There are several approaches and techniques in
the literature to manage semi-structured and
structured data ((Bhroithe et al. 2020), (Alloghani et
al. 2019), (Aftab et al. 2020), (Ouaret et al. 2019)).
However, it only focuses on two formats (structured
and semi-structured) but does not examine
unstructured data. In addition to that, most of the
approaches that deal with unstructured data focus
only on textual data (Yafooz and Fahad 2018).
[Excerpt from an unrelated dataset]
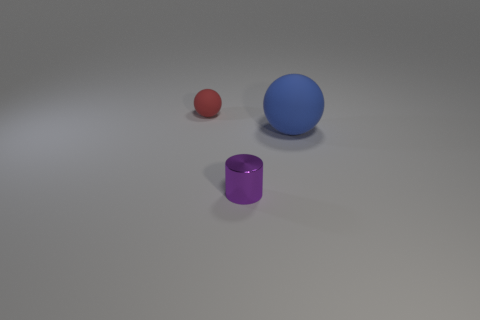What materials do the objects in the image seem to be made of? The objects in the image have a smooth texture that suggests they are likely made of a synthetic material, possibly a type of plastic or polished metal, which gives them a sleek, matte finish.

The goal of this paper is formed as follows:
Firstly, we take a look at the state of art and present a
comprehensive vision of DL concepts. Secondly, we
introduce a new method for structuring unstructured
data. Especially in the health field, because in this
field, we often find data in different formats. Thirdly,
the construction of our ontology which represents our
Moroccan data lake.
The remainder of this paper is structured like this:
in Section 2, we parse the related literature. In Section
3, we present the formalization and data lake
architectures adopted by our approach. Then we offer
a procedure to partly structuring unstructured data
sources. In Section 4, we describe our data lake
ontology-based model to enrich the representation of
unstructured data sources. In Section 5, we give an
example case of covid-19. In Section 6, we present
the evaluation technique and describe a critical
discussion of our approach. Finally, in Section 7, we
conclude our paper.
2 RELATED LITERATURE
2.1 State of the Art
Data lake relatively is a recent concept, introduced by
James Dixon as an alternative to data marts; storing
data into silos (Alserafi et al. 2016), to prevent them
from being transformed into a data swamp must be
accompanied by metadata (Sawadogo et al. 2019).
The data lake model demands that any raw data be
combined with a set of metadata. This represents a
crucial competitive differentiator for any data lake
architecture. Following (Farrugia et al. 2016), they
proposed an approach to managing data lakes based
on the extraction of metadata from an open-source
data warehouse system named hive. To achieve their
target, it applies Social Network Analysis techniques.
In the literature, various metadata classifications
have been introduced. Thereby, various metadata
models are used to design metadata classification.
Among these models we find RDF. The power of this
model is of course its semantic richness. However, its
weakness is its complexity. Indeed, cannot maintain
fast processing and analysis of the heterogeneous
data.
A metadata model proposed by Oram is well-
suited for data lakes (Oram 2016). There is also the
model approved by Zaloni (Ben Sharma 2018),
considered as one of the business managers in the data
lake domain. Yet, Zaloni adopts a trinomial
classification of metadata, namely operational,
technical, and business metadata.
2.2 Data Lake Definition
A data lake is represented as an extensive system or
repository that stores heterogeneous raw data; the
diversification of concepts poses a significant issue.
There is robust compliance in the literature on the
definition of data lakes. Still, all existing definitions
share the same vision about the definition of data
lakes, respecting the idea that a data lake is a central
repository of raw data stored in a natural format. For
example, (Hai et al. 2016) defines data lakes as “a
megadata repository that stores data in its native
format and provides on-demand ingestion
functionality using metadata description”.
(Terrizzano et al. 2015) uses a definition of a data lake
provided by (Madera and Laurent 2016) and asserts
that “a data lake is a central repository containing
enormous amounts of raw data described by
metadata”. Thus, we ascertain that there is a strong
agreement concerning the definition of data lakes. In
the situation of big data analytics, user needs are not
established during the primary draft. A data lake is an
answer that came with the appearance of big data,
ingests raw data from different sources, and stocks
source data in a natural format. Enables data to be
processed conforming to diverse specifications.
Indeed, empowers access to ready data for various
needs, and supervises data to ensure data governance.
3 FORMALIZATION
In this section, we will describe our network model to
manage the data lake, which will be used in our paper.
Our network model shows data lake as being a set
of data sources, like this:
DL = {DS
1
, DS
2
, … , DS
n
/ DS = Data Source} (1)
It is important to note that each data source DS
k
is
arranged with a set of metadata commented by M
k
.
We denote by M
DL
the set of metadata repositories for
heterogeneous data sources stored in the lake.